Editor’s note: This article first appeared on March 28, 2006. Bruce Prescott was executive director of Mainstream Oklahoma Baptists at the time of publication. It is republished today during “Public Schools Week” (March 25-29).
Thomas Jefferson was convinced that democracy depended on a well-educated citizenry. He was right.
Our nation’s founders rejected the rule of divinely ordained aristocratic elites. We were to be governed by the common consent of the people. That meant every citizen would need an education.
All of us needed to be able to comprehend the issues and weigh the opinions necessary to render an informed decision whenever we are called upon to fulfill our civic duties.
The duties of free citizens are not responsibilities that anyone should take lightly. They range from voting in elections, to holding public office, to serving on juries that make decisions over matters of life and death.
To assist our fledgling democracy, Jefferson founded the University of Virginia and developed extensive plans for making education available and affordable to all citizens.
He was especially concerned that the poor and disadvantaged be offered opportunity to rise in life by their merits – on the basis of their abilities and hard work.
In his day, the wealthy sent their daughters to finishing schools and their sons to private academies that prepared them for college.
Other children, however, if they were fortunate enough to receive an education, attended “petty schools” where, at best, they learned to read and write. Few were educated beyond the fifth grade.
Jefferson envisioned a system of public education that would take any bright, hard-working young person all the way through college – even if their parents could not afford it.
Since the days of Jefferson, public education in America has advanced the values of both equality and democracy.
Our best educators have advocated giving all children an equal chance to learn the skills by which they can elevate themselves by their own abilities and hard work.
Our finest teachers have worked tirelessly to transmit to each generation the values that sustain our democracy – freedom of conscience, freedom of expression, respect for minorities and equal rights for all persons.
Public education in America has done a remarkable job.
For two centuries, it has been teaching the children of tens of millions of immigrants, speaking hundreds of foreign languages, how to speak, read and write in English.
Schools have been the single most effective institution in our society for equipping immigrants and the children of immigrants with the skills necessary to find a place in our society.

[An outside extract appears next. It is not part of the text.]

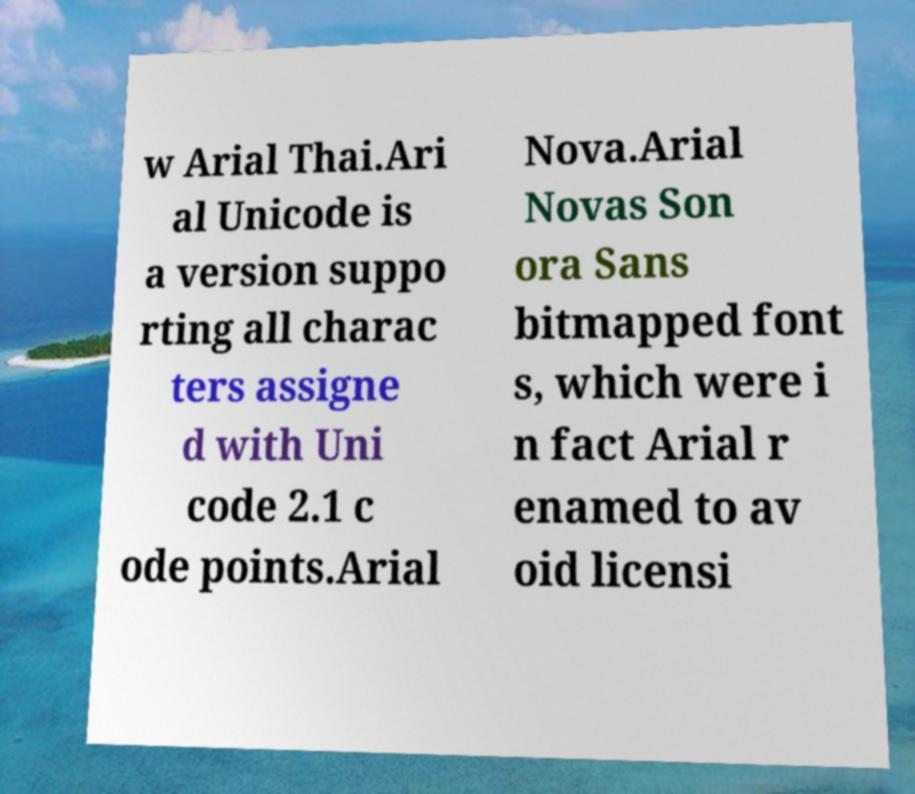Could you extract and type out the text from this image? w Arial Thai.Ari al Unicode is a version suppo rting all charac ters assigne d with Uni code 2.1 c ode points.Arial Nova.Arial Novas Son ora Sans bitmapped font s, which were i n fact Arial r enamed to av oid licensi

They are one of the few institutions consistently encouraging immigrants, minorities and the disadvantaged to aspire to accomplish more than had previously been thought possible within America’s network of social, civil and economic systems.
Public education’s success may also prove its undoing.
When this nation was being torn apart by racial divisions, the schools were pressed into service to solve our differences.
The courts ruled that “separate, but equal” schools were inherently “unequal.” They were. So, segregation ended and all of America’s public schools were integrated.
Soon, after only a few courts had to issue orders sending school buses to collect children and integrate schools, it looked like the public schools had solved our racial problems.
In places they did, but in too many places the problem merely took on another guise.
Religion in the South played a big role in segregation. In time, it learned to shift the frame of reference for its beef with public education from race to culture.
After integration, middle-class whites moved to the suburbs and took the tax dollars that paid for public education with them.
At the same time, conservative churches started private religious schools; an entire home-school movement blossomed.
Meanwhile, affluent whites went on putting their children in private academies and complained all the more about the tuition they were paying to see that their children had the advantage of a superior education.
After a while, minorities began advancing socially and started moving to the suburbs where the schools were funded and still considered “good.”
Then, demands for school “vouchers” began to swell and more conservative churches started private religious schools.
As middle-class suburban schools became more and more integrated, political movements were launched to protest taxes, starve the schools of funding, take control of school boards and regulate public school systems into oblivion.
Through it all, “conservatives” have droned on and on relentlessly about America’s supposedly failing public schools.
Today, calls for “vouchers” can be heard everywhere you turn. If present trends continue, “vouchers” for private education will soon be replacing the system of public schools that our nation has been developing for two centuries.
A “voucher” system will dramatically change the character and values of education in America.
No market exists for “secular” schools. Schools that teach the values of democracy, equality and pluralism are what Americans have been told are failing.
Most private religious schools have no desire and little incentive to teach democratic values.
Their fundamental concern is to assure that their particular religious worldview prevails through the clash of cultures that is already taking place within American society.
Most elite private schools already give little more than lip service to egalitarian values.
Their fundamental concern is to assure that the children of their affluent clients acquire whatever skills, attitudes and aptitudes are necessary to sustain and preserve their financial and social advantages.
Neither system of voucher schools bodes well for the future of public education or for democracy.
The confluence of wealthy elites and religious culture warriors that currently dominate our political life charts a path with a trajectory for education that differs from what most people expect.
Americans will probably have to learn by their own bitter experience that conflict between religions can prove to be much more intransigent and explosive than differences over race and ethnicity.